*EXERCISE BRIEF:* Print the listing below a second time, exactly, and omit its images.
### EXERCISE MATERIALS ###
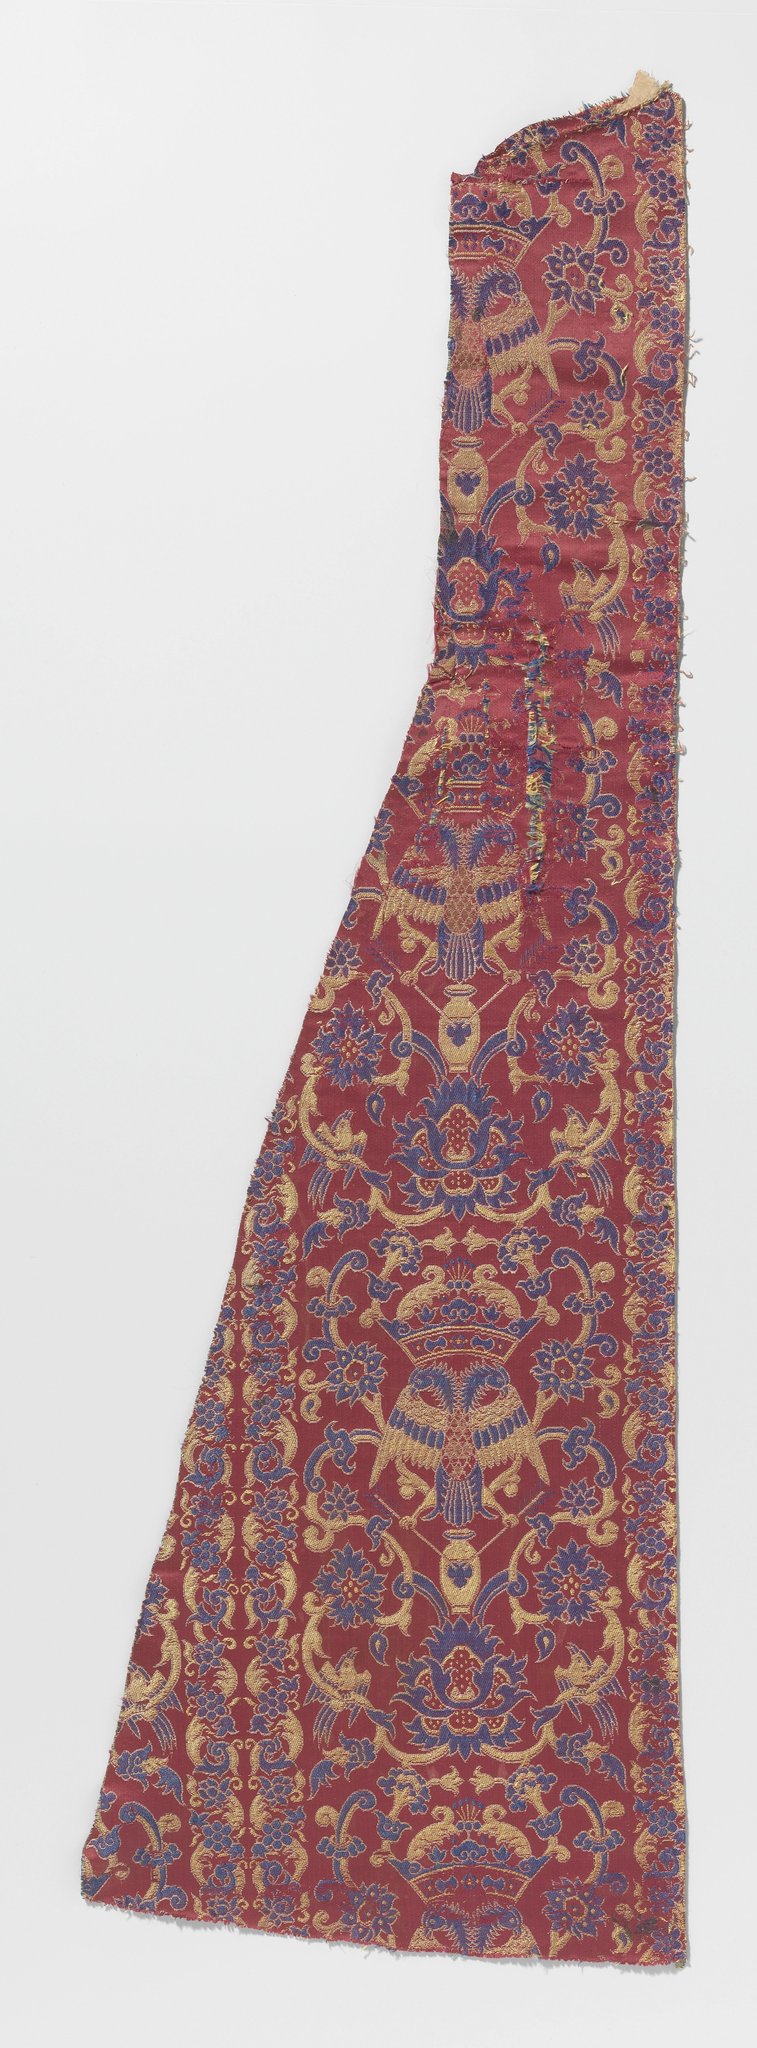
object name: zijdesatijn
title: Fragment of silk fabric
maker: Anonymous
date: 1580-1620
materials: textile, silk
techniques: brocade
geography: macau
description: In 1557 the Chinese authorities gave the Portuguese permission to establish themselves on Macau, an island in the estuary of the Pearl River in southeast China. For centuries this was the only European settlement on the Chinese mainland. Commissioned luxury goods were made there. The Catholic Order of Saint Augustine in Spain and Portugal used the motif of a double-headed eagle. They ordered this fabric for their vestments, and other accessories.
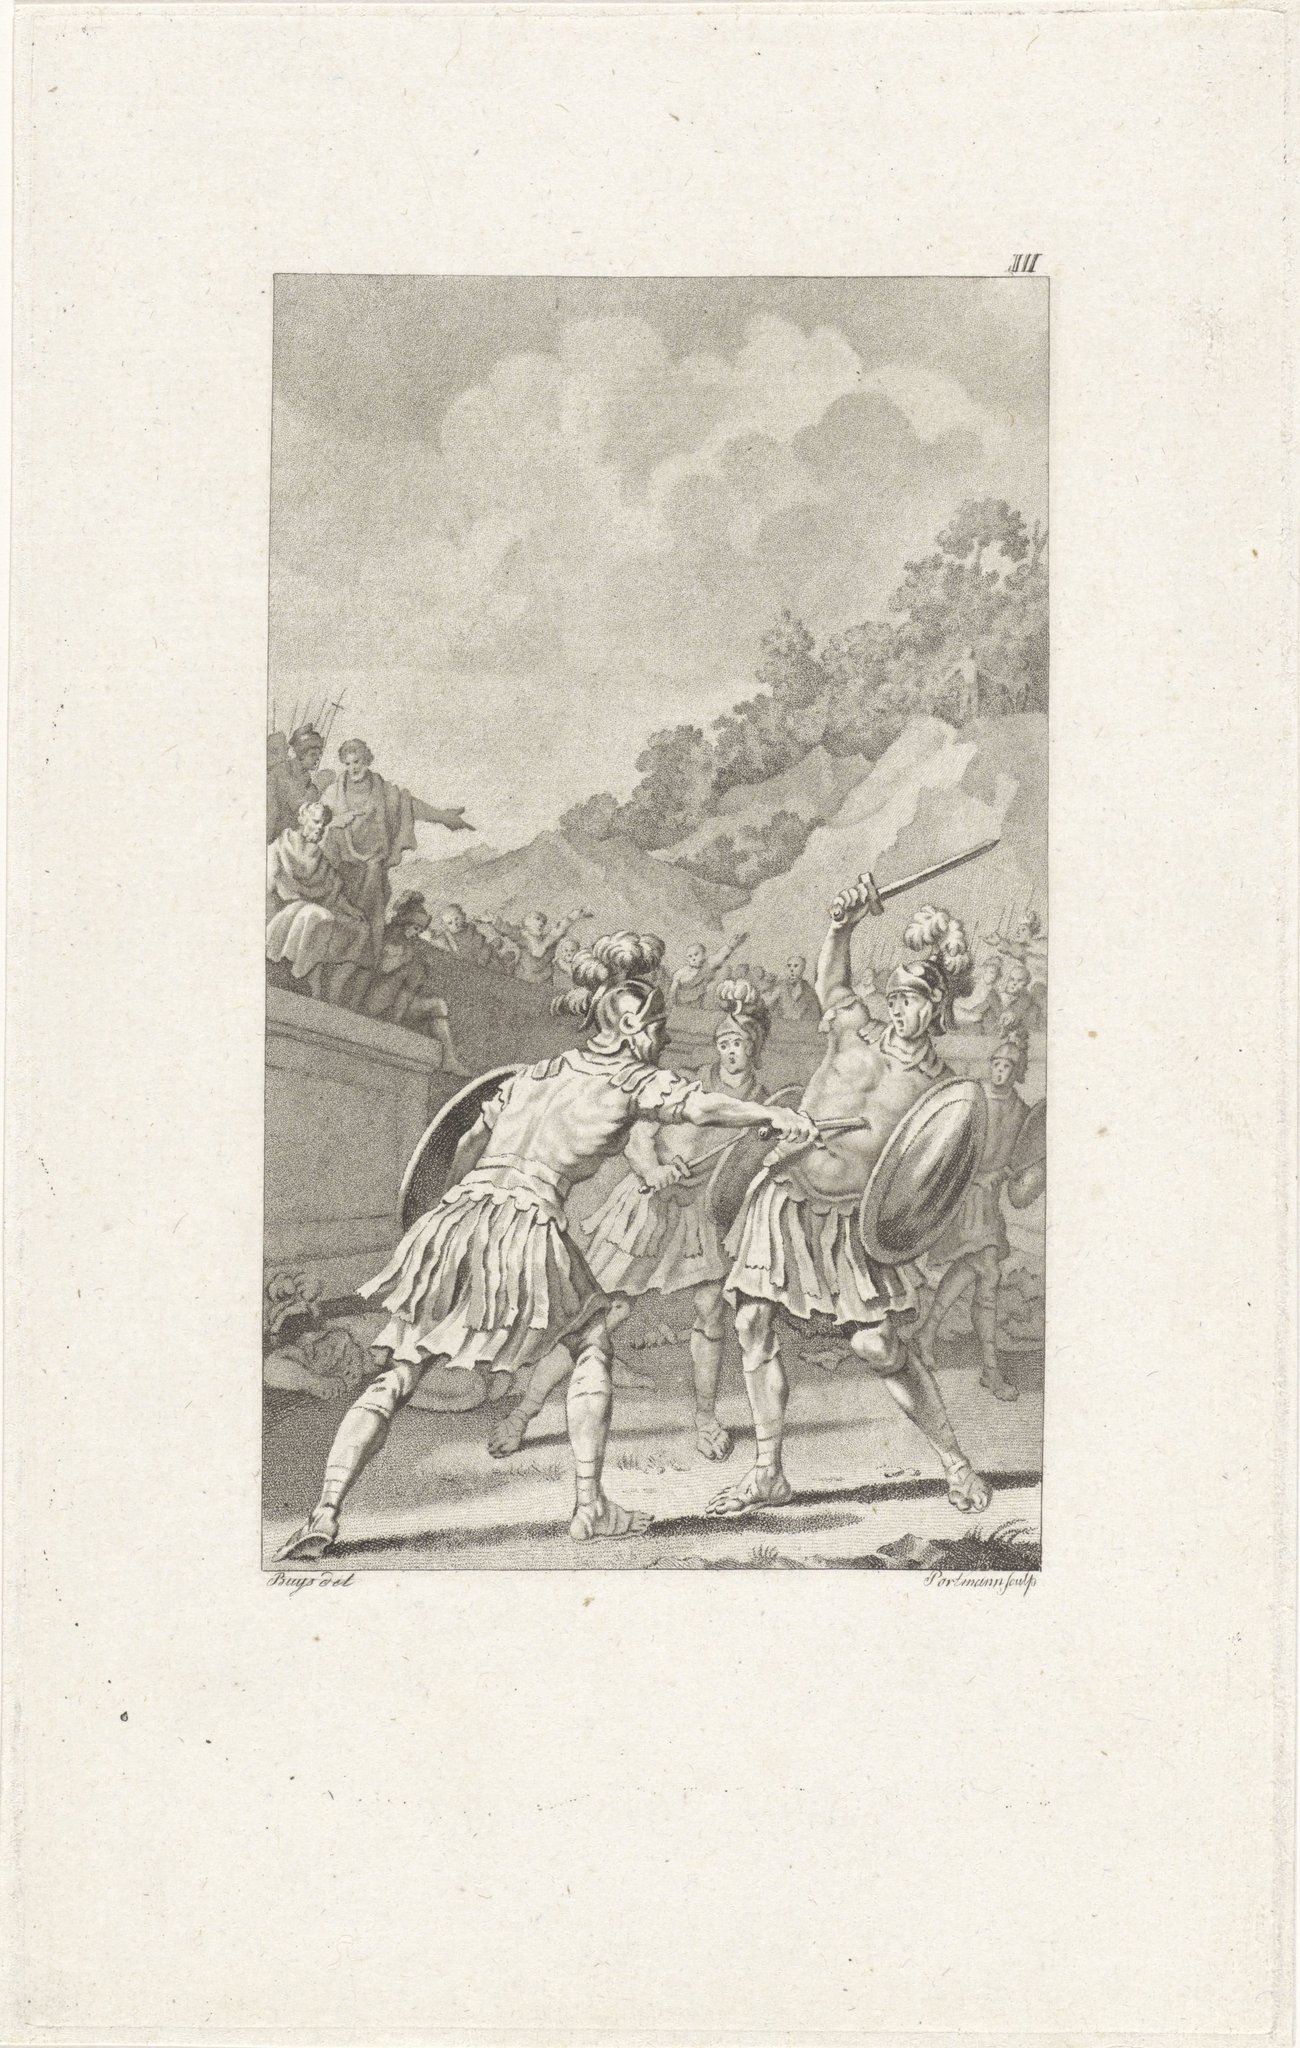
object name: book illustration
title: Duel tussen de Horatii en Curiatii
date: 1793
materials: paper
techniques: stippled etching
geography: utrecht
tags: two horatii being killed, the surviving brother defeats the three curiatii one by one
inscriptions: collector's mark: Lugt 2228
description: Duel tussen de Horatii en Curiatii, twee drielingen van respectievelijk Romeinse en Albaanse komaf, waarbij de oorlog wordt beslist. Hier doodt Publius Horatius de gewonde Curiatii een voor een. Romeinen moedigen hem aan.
###
*COMPLETED EXERCISE:*
object name: zijdesatijn
title: Fragment of silk fabric
maker: Anonymous
date: 1580-1620
materials: textile, silk
techniques: brocade
geography: macau
description: In 1557 the Chinese authorities gave the Portuguese permission to establish themselves on Macau, an island in the estuary of the Pearl River in southeast China. For centuries this was the only European settlement on the Chinese mainland. Commissioned luxury goods were made there. The Catholic Order of Saint Augustine in Spain and Portugal used the motif of a double-headed eagle. They ordered this fabric for their vestments, and other accessories.
object name: book illustration
title: Duel tussen de Horatii en Curiatii
date: 1793
materials: paper
techniques: stippled etching
geography: utrecht
tags: two horatii being killed, the surviving brother defeats the three curiatii one by one
inscriptions: collector's mark: Lugt 2228
description: Duel tussen de Horatii en Curiatii, twee drielingen van respectievelijk Romeinse en Albaanse komaf, waarbij de oorlog wordt beslist. Hier doodt Publius Horatius de gewonde Curiatii een voor een. Romeinen moedigen hem aan.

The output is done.